The history of modern prose fiction in England will be found to accord pretty closely with the classification we have just adopted.

We have spoken in another place of the three patriarchs of the English novel-Richardson, Fielding, and Smollett: and the immense class of works we are about to consider may be looked upon as totally distinct from the immortal productions of these great men, though the first impulse given to prose fiction will be found to have been in no sense communicated by Clarissa,' 'Tom Jones,' or 'Roderick Random.' This impulse was given by Horace Walpole, the fastidious dilettante and brilliant chronicler of the court scandal of his day, a man of singularly acute penetration, of sparkling epigrammatic style, but of a mind devoid of enthusiasm and elevation.
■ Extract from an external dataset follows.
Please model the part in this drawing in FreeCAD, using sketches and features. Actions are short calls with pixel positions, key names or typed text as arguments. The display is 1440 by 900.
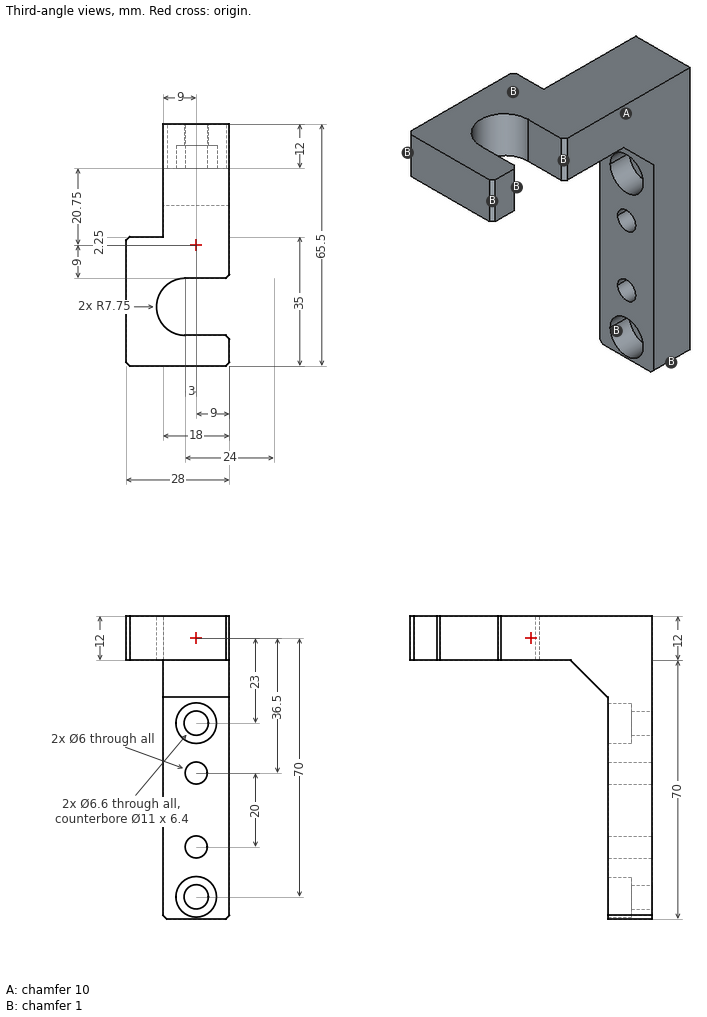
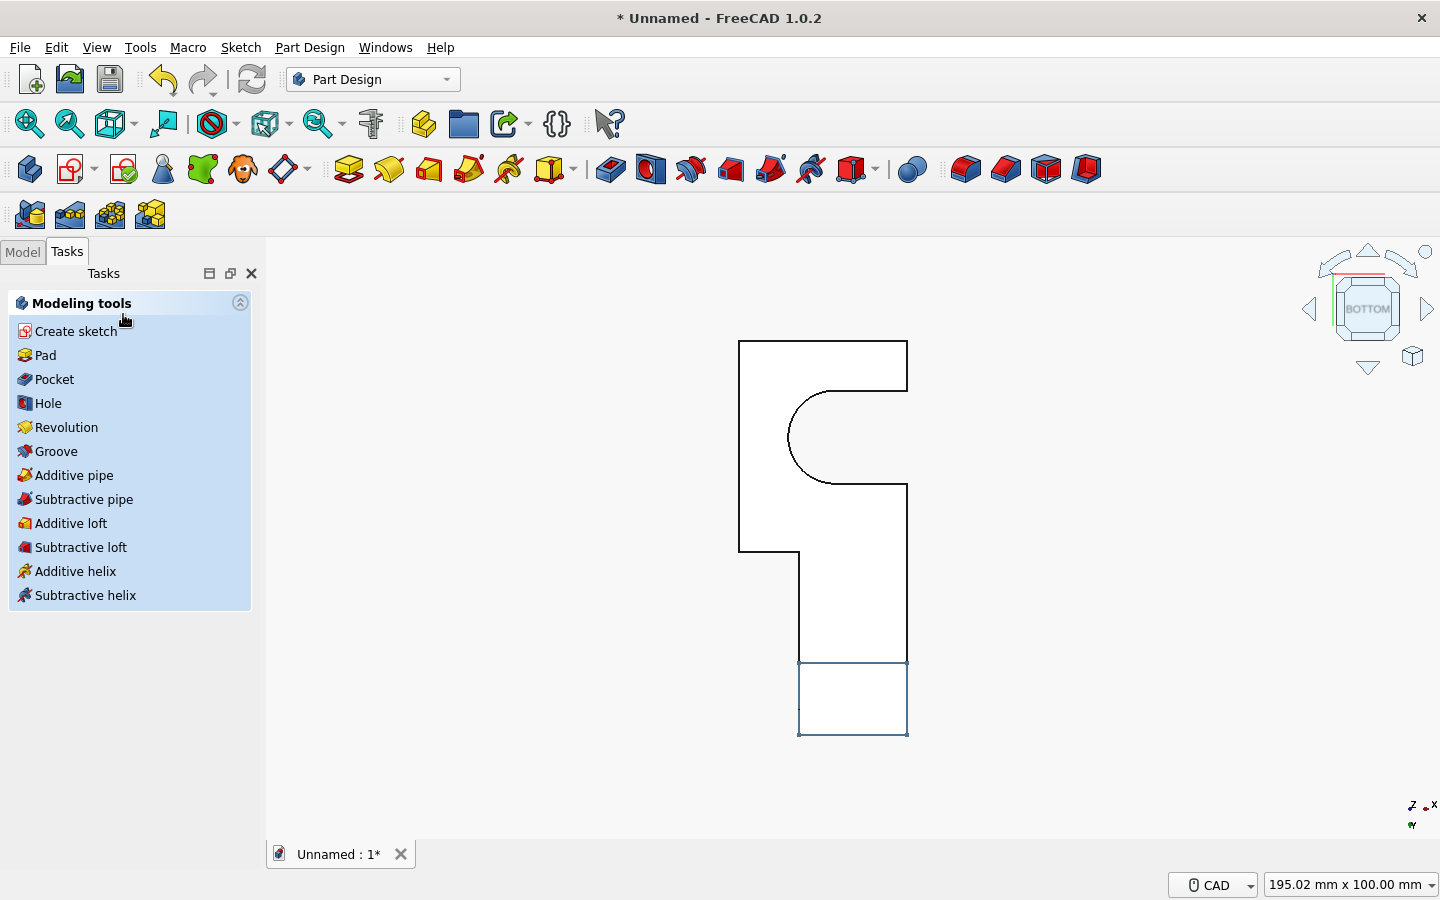
click(350, 170)

Rather a French courtier in taste and habits than an English nobleman, he retired early from political life, veiling a certain consciousness of political incapacity under an effeminate and affected contempt for a parliamentary career, and shut himself up in his little fantastic Gothic castle at Strawberry Hill, to collect armour, medals, manuscripts, and painted glass, and to chronicle with malicious assiduity, in his vast and brilliant correspondence, the absurdities, follies, and weaknesses of his day.
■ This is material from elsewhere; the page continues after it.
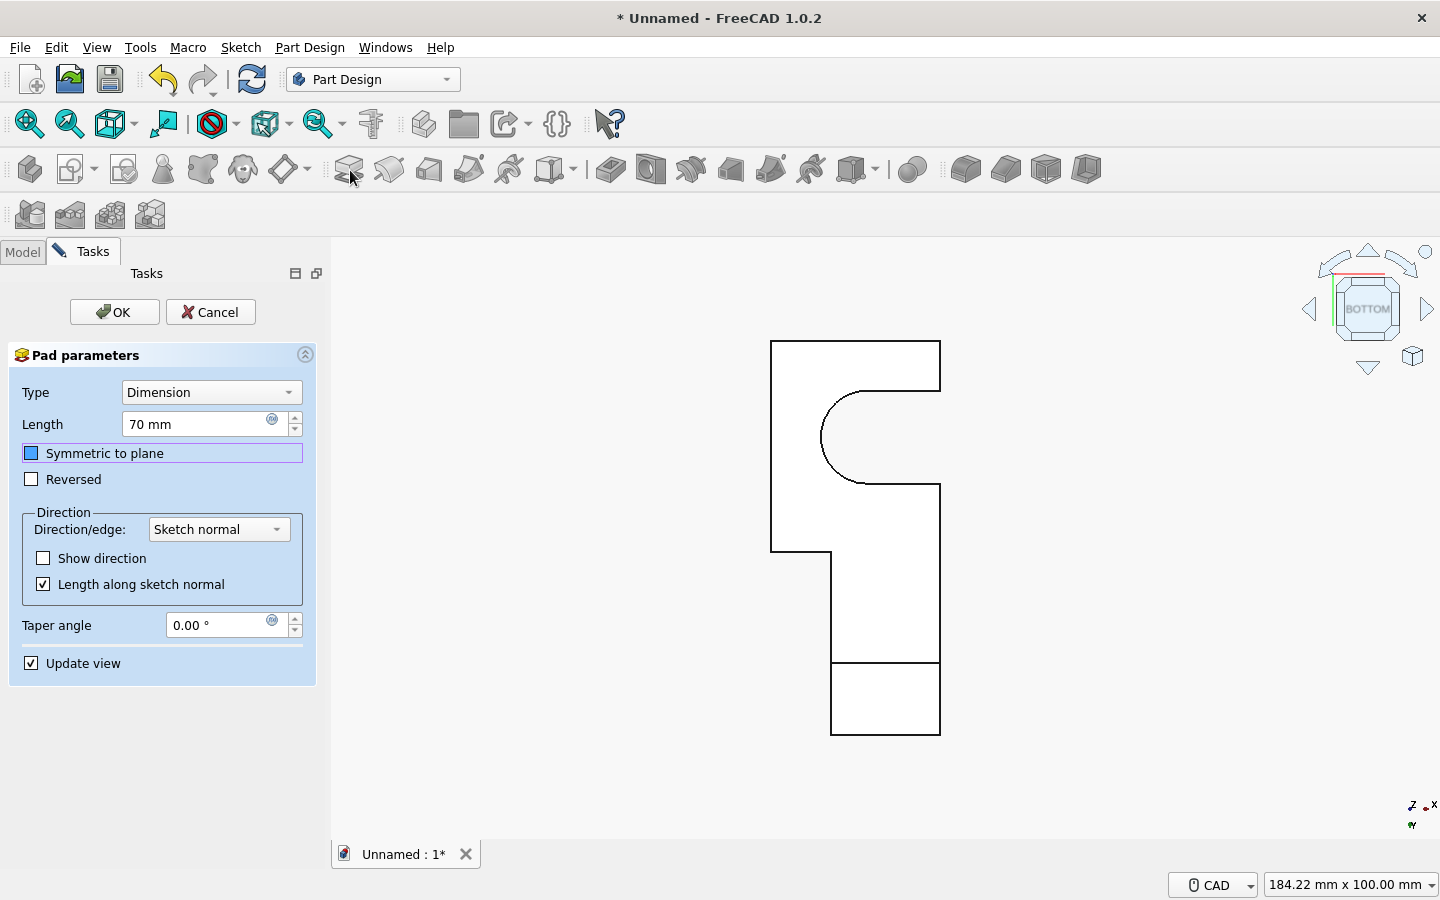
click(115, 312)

'The Castle of Otranto' is a short tale, written with great rapidity and without any preparation, in which the first successful attempt was made to take the Feudal Age as the period, and the passion of mysterious, superstitious terror as the prime mover, of an interesting fiction. The supernatural machinery consists of a gigantic armed figure dimly seen at midnight in the gloomy halls and huge staircases of this feudal abode—of a colossal helmet which finds its way into the court-yard, filling everybody with dread and consternation - of a picture which descends from its frame to upbraid a wicked oppressor-of a vast apparition at the end-and a liberal allowance of secret panels, subterranean passages, breathless pursuit and escape. The manners are totally absurd and unnatural, the heroine being one of those inconsistent portraits in which the sentimental languor of the eighteenth century is superadded to the female character of the Middle Ages-in short, one of those incongruous contradictions which we meet in all the romantic fictions before Scott.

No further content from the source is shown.